All aldopentoses in Fischer projection
Arabinose
Xylose
Lyxose
Through an intramolecular hemiacetal formation, these open-chain molecules are in equilibrium with their pyranose or furanose forms. This leads to the oxygen bridge between the 1st and the 5th carbon atom ( pyranose ) and the first and fourth carbon atom ( furanose ), and the oxygen atom of the hydroxyl group is Aldhydgruppe.
The ketopentoses
The ketopentoses possess two chiral centers, there are therefore four stereoisomers. The D / L- configuration refers - as above - to the position of the OH group on the fourth carbon atom and has no relation to the direction of the optical activity. In nature, only the two D- isomers occur.
All ketopentoses in Fischer projection
Xylulose
Pentoses and their biological significance
The D- ribose and its reduced form, the D -deoxyribose are essential components of RNA and DNA.
D -ribulose is used as a CO2 acceptor in photosynthesis.
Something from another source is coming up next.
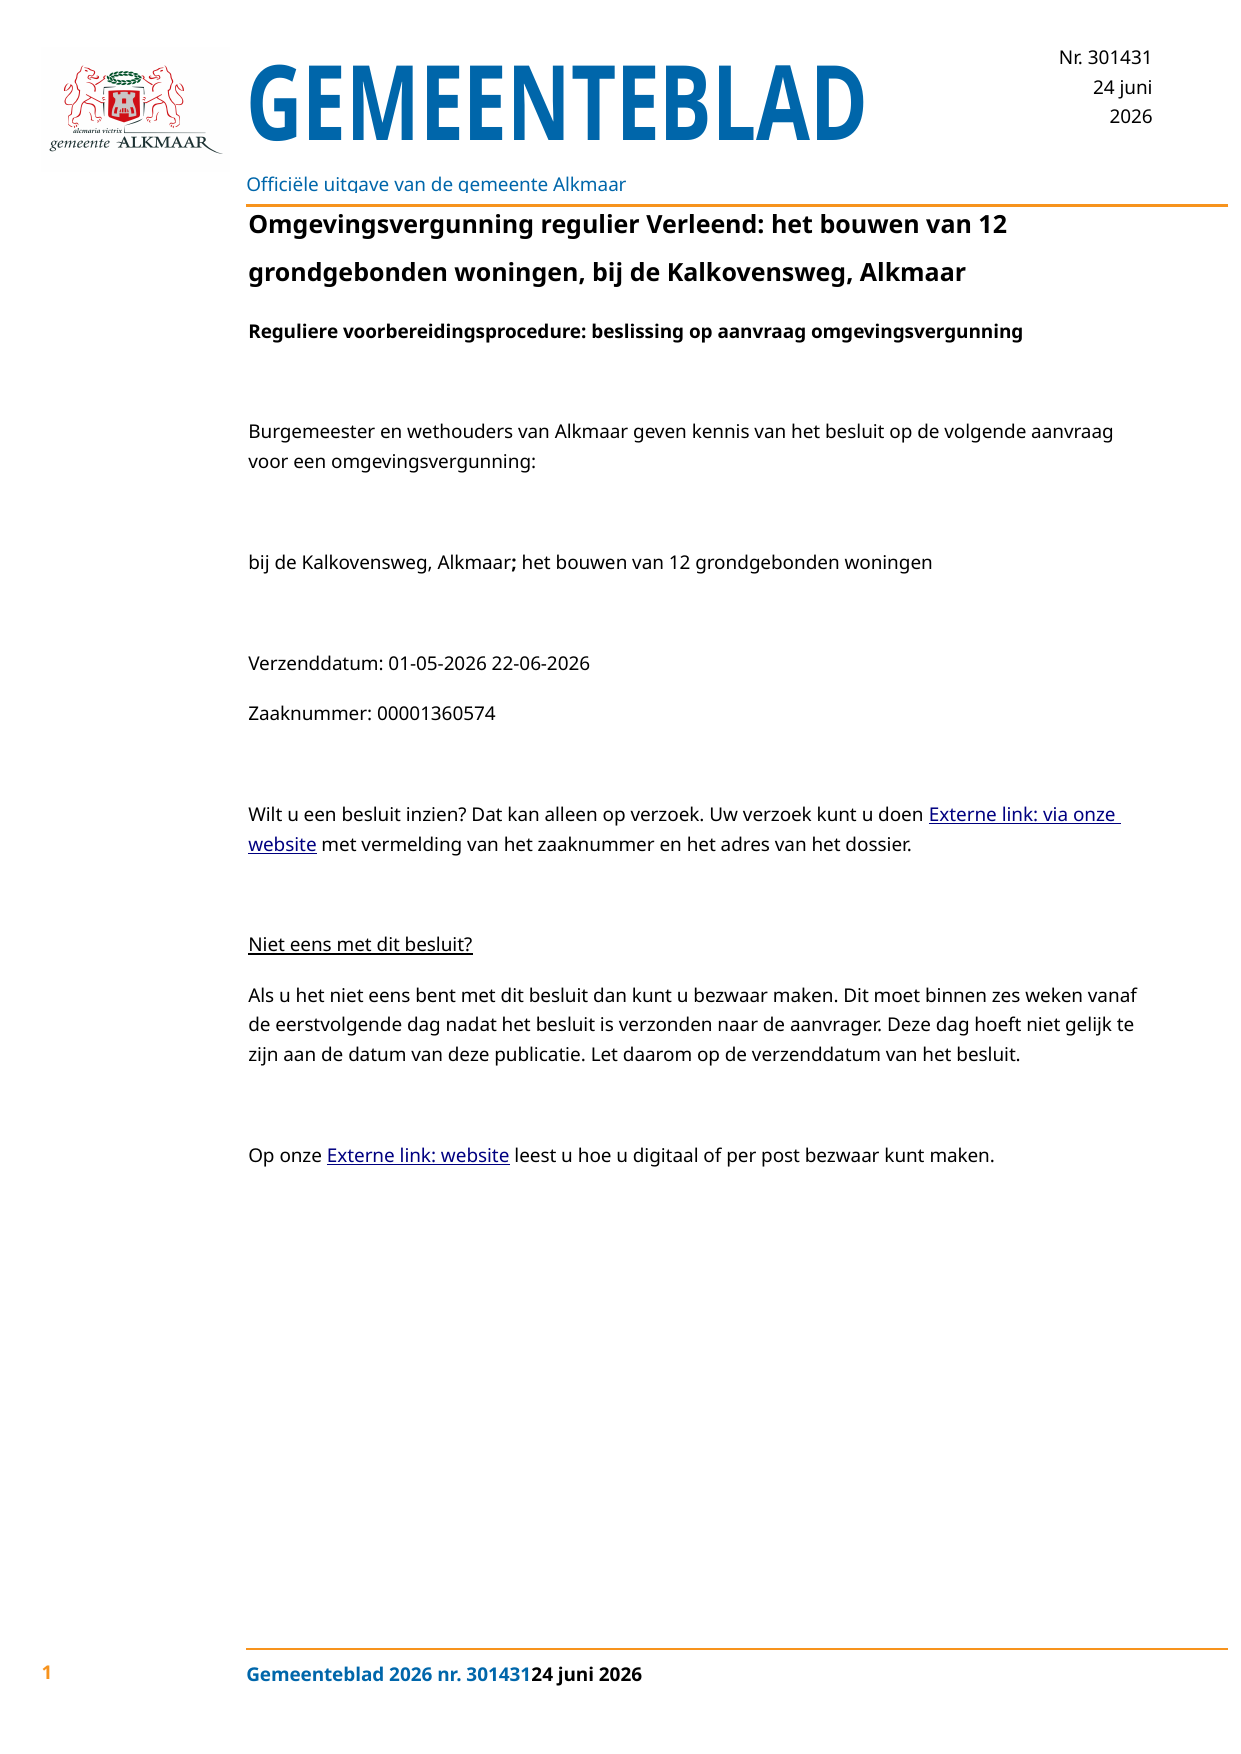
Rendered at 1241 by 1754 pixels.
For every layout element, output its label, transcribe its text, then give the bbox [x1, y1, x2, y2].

The metabolism of pentoses and their formation by decarboxylation of hexoses is summarized in the pentose phosphate cycle. Key reaction is the direct oxidation of glucose-6 -phosphate by the enzyme glucose-6 -phosphate dehydrogenase, whose gene is located in humans on the X chromosome. Defects can cause to certain drugs, a number of disease states (eg, in the formation of blood ) and overreactions.